-- WORK TO BE COMPLETED --
Would you set down the data that follows, word for word, without any pictures?

(Beginning of ENTRIES SHOWN)

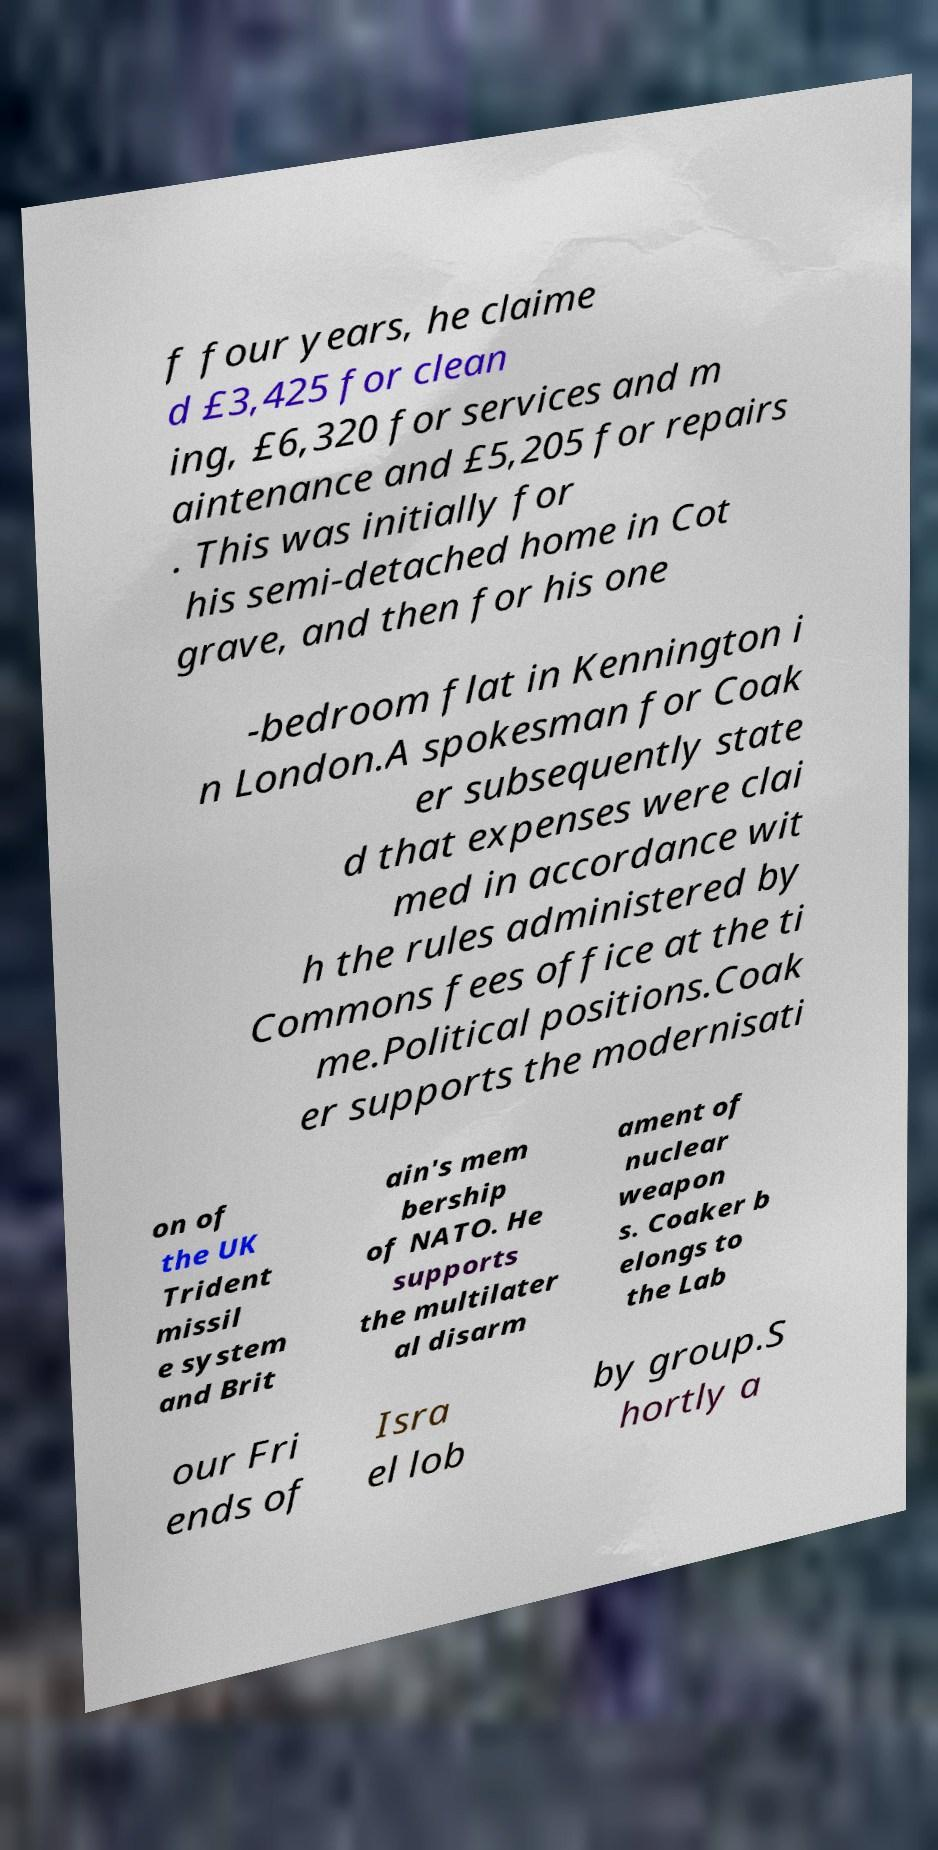Could you extract and type out the text from this image? f four years, he claime d £3,425 for clean ing, £6,320 for services and m aintenance and £5,205 for repairs . This was initially for his semi-detached home in Cot grave, and then for his one -bedroom flat in Kennington i n London.A spokesman for Coak er subsequently state d that expenses were clai med in accordance wit h the rules administered by Commons fees office at the ti me.Political positions.Coak er supports the modernisati on of the UK Trident missil e system and Brit ain's mem bership of NATO. He supports the multilater al disarm ament of nuclear weapon s. Coaker b elongs to the Lab our Fri ends of Isra el lob by group.S hortly a 
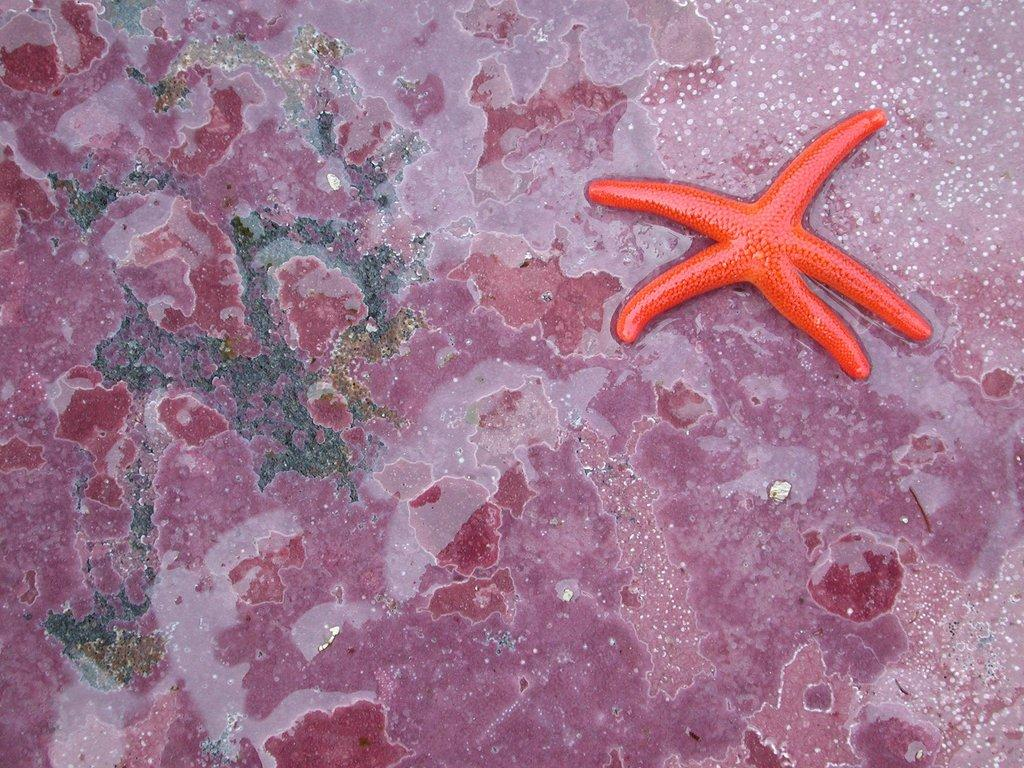What is the main subject of the image? The main subject of the image is a starfish. Where is the starfish located in the image? The starfish is located in the center of the image. What type of lettuce is being used to show off the starfish in the image? There is no lettuce present in the image, and the starfish is not being used for any show-off purposes. 
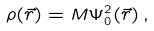<formula> <loc_0><loc_0><loc_500><loc_500>\rho ( \vec { r } ) = M \Psi _ { 0 } ^ { 2 } ( \vec { r } ) \, ,</formula> 
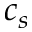<formula> <loc_0><loc_0><loc_500><loc_500>c _ { s }</formula> 
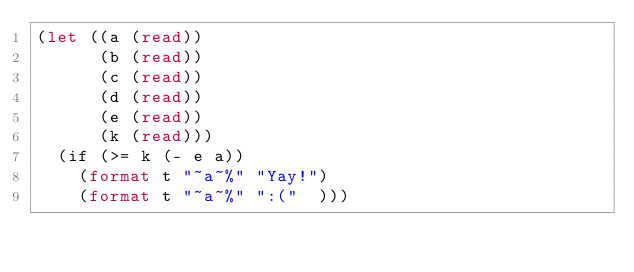Convert code to text. <code><loc_0><loc_0><loc_500><loc_500><_Lisp_>(let ((a (read))
      (b (read))
      (c (read))
      (d (read))
      (e (read))
      (k (read)))
  (if (>= k (- e a))
    (format t "~a~%" "Yay!")
    (format t "~a~%" ":("  )))
</code>

(End of ENTRIES SHOWN)

-- FINISHED TASK --
Could you extract and type out the text from this image? f four years, he claime d £3,425 for clean ing, £6,320 for services and m aintenance and £5,205 for repairs . This was initially for his semi-detached home in Cot grave, and then for his one -bedroom flat in Kennington i n London.A spokesman for Coak er subsequently state d that expenses were clai med in accordance wit h the rules administered by Commons fees office at the ti me.Political positions.Coak er supports the modernisati on of the UK Trident missil e system and Brit ain's mem bership of NATO. He supports the multilater al disarm ament of nuclear weapon s. Coaker b elongs to the Lab our Fri ends of Isra el lob by group.S hortly a 
What is the main subject of the image? The main subject of the image is a starfish. Where is the starfish located in the image? The starfish is located in the center of the image. What type of lettuce is being used to show off the starfish in the image? There is no lettuce present in the image, and the starfish is not being used for any show-off purposes. 
<formula> <loc_0><loc_0><loc_500><loc_500>\rho ( \vec { r } ) = M \Psi _ { 0 } ^ { 2 } ( \vec { r } ) \, ,</formula> 
<formula> <loc_0><loc_0><loc_500><loc_500>c _ { s }</formula> 
Convert code to text. <code><loc_0><loc_0><loc_500><loc_500><_Lisp_>(let ((a (read))
      (b (read))
      (c (read))
      (d (read))
      (e (read))
      (k (read)))
  (if (>= k (- e a))
    (format t "~a~%" "Yay!")
    (format t "~a~%" ":("  )))
</code>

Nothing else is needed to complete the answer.